The interval is closed on both sides and 1-based.
- header: Any
- jump_threshold: int
- pos_begin_key: int
- pos_end_key: int
- pysam_file: TabixFile | VariantFile | None
- ref_key: int | None
- rev_chrom_map: dict[str, str] | None
- stats: Counter
- class dae.genomic_resources.genomic_position_table.VCFGenomicPositionTable(genomic_resource: GenomicResource, table_definition: dict)[source]
Bases:
TabixGenomicPositionTable
Represents a VCF file genome position table.
- CHROM = 'CHROM'
- POS_BEGIN = 'POS'
- POS_END = 'POS'
- alt_key: int | None
- chrom_key: int
- chrom_map: dict[str, str] | None
- chrom_order: list[str] | None
- get_file_chromosomes() list[str] [source]
Return chromosomes in a genomic table file.
This is to be overwritten by the subclass.
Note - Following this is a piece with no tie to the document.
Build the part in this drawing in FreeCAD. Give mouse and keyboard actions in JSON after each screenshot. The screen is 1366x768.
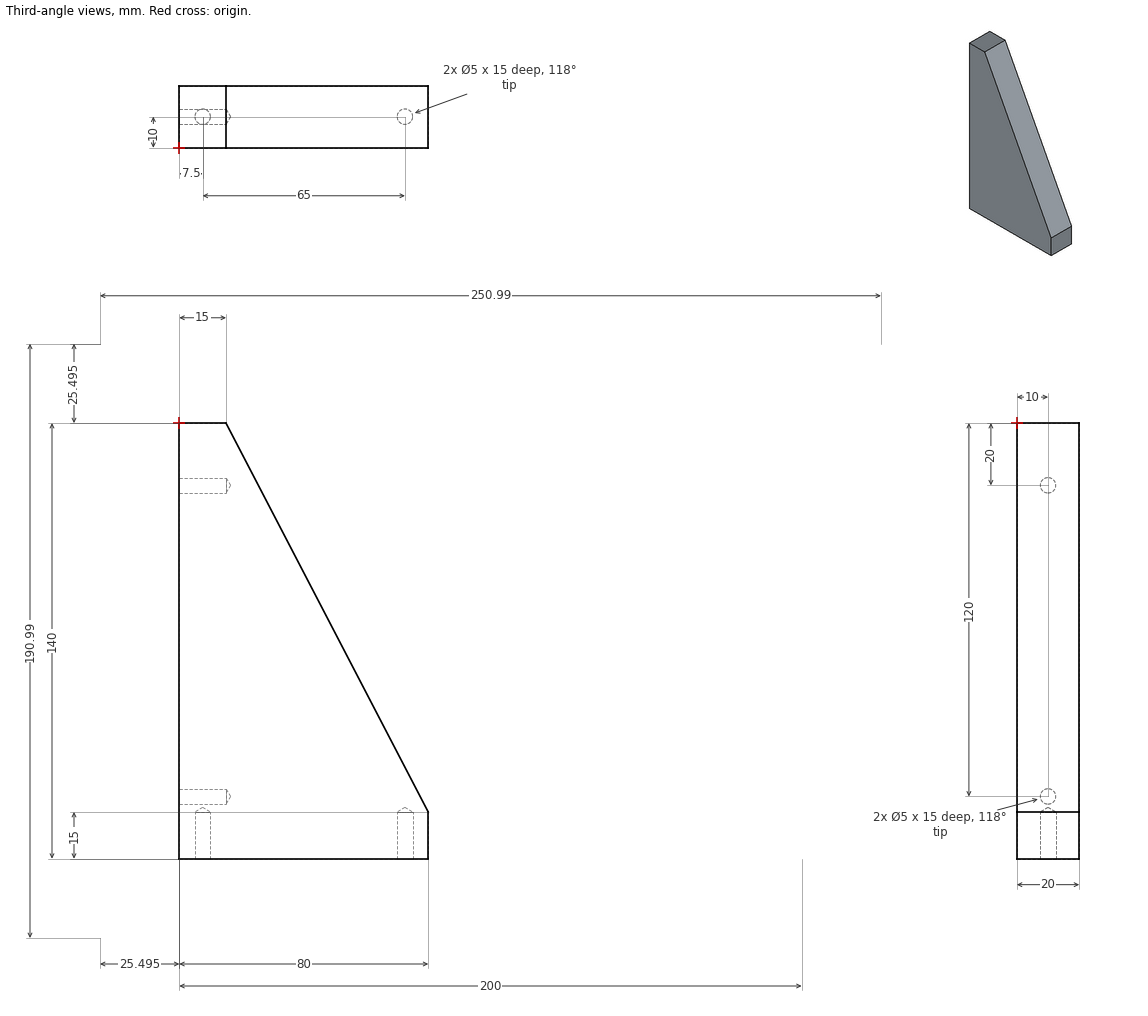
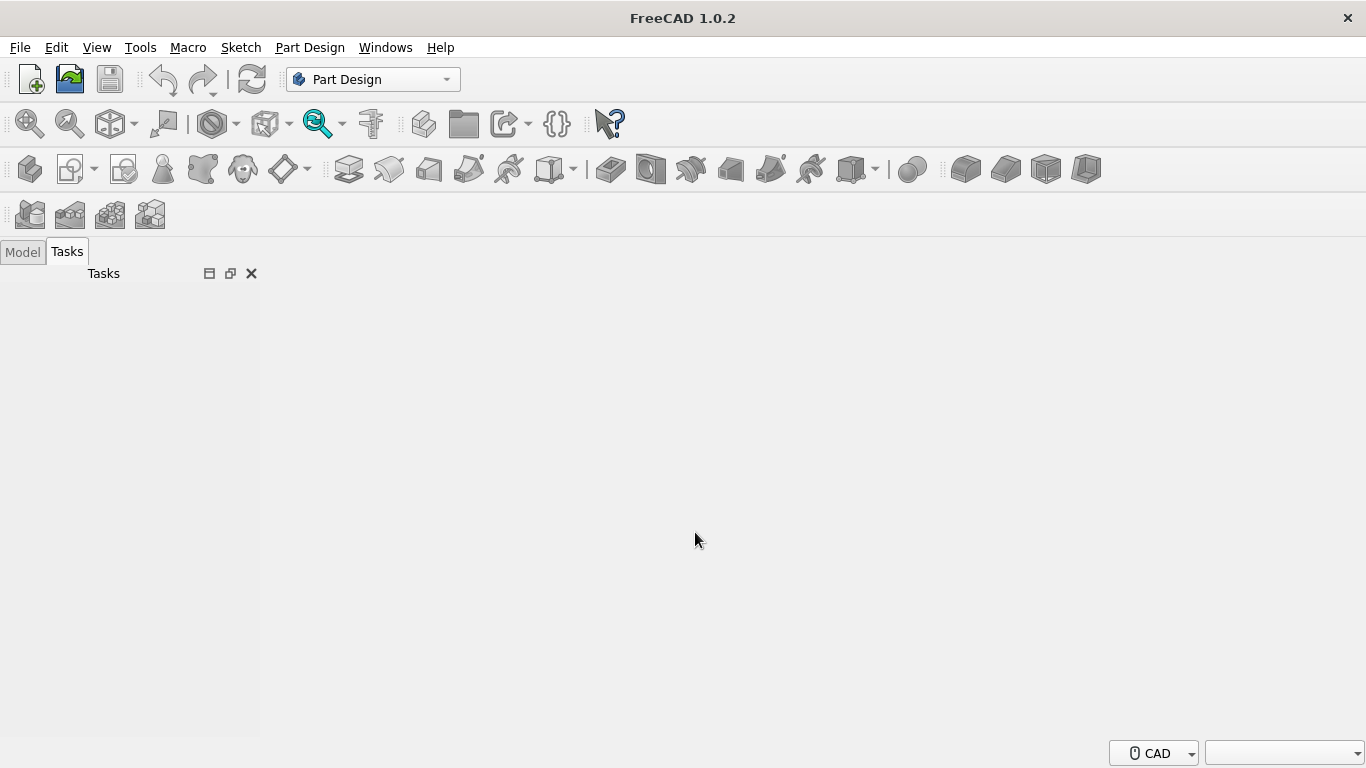
{"action": "key", "text": "ctrl+n"}

It should return a list of the chromosomes in the file in the order determinted by the file.
- get_line_iterator(chrom: str | None = None, pos_begin: int | None = None) Generator[VCFLine | None, None, None] [source]
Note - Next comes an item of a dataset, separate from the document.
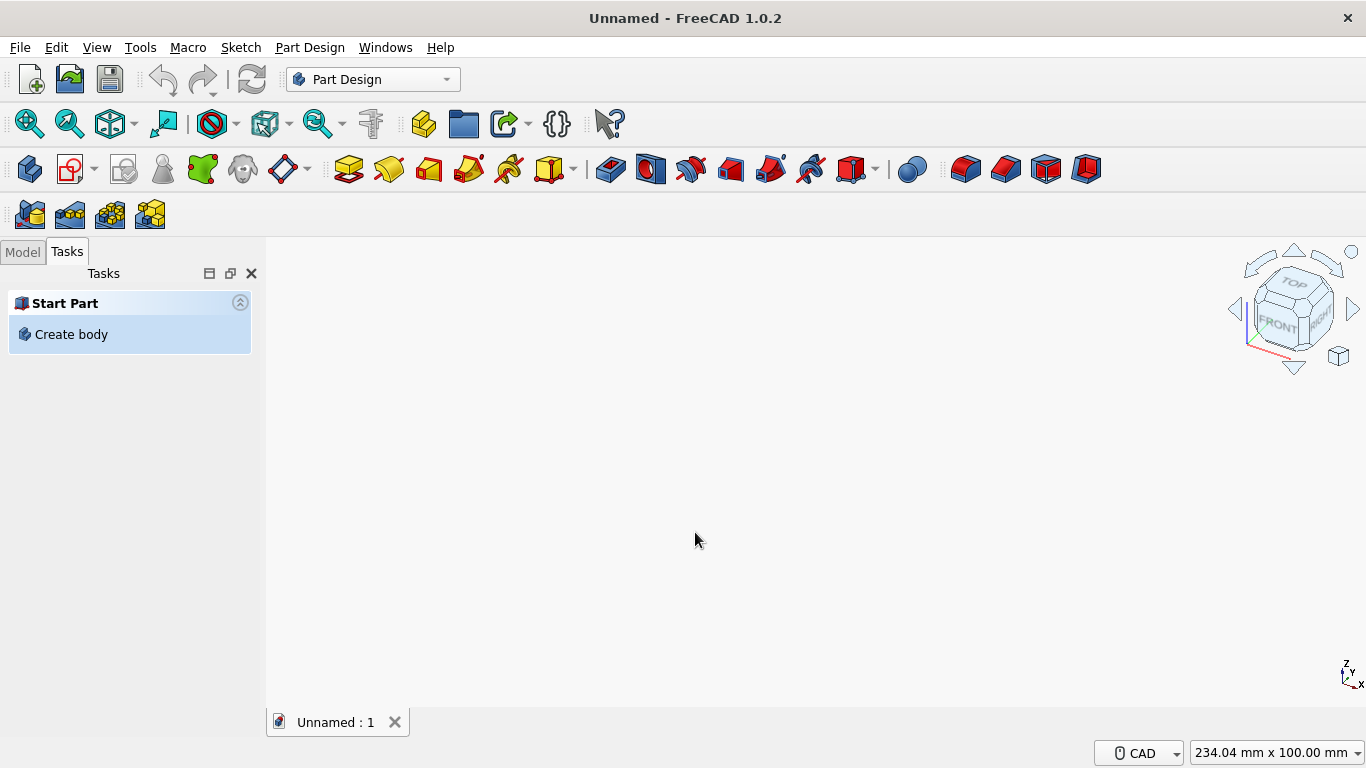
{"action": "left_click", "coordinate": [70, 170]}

Extract raw lines and wrap them in our Line adapter.
- header: Any
- jump_threshold: int
- open() VCFGenomicPositionTable [source]
- pos_begin_key: int
- pos_end_key: int
- pysam_file: PysamFile | None
- ref_key: int | None
- rev_chrom_map: dict[str, str] | None
- stats: Counter
- class dae.genomic_resources.genomic_position_table.VCFLine(raw_line: VariantRecord, allele_index: int | None)[source]
Bases:
object
Line adapter for lines derived from a VCF file.
Implements functionality for handling multi-allelic variants and INFO fields.
- dae.genomic_resources.genomic_position_table.build_genomic_position_table(resource: GenomicResource, table_definition: dict) GenomicPositionTable [source]
Instantiate a genome position table from a genomic resource.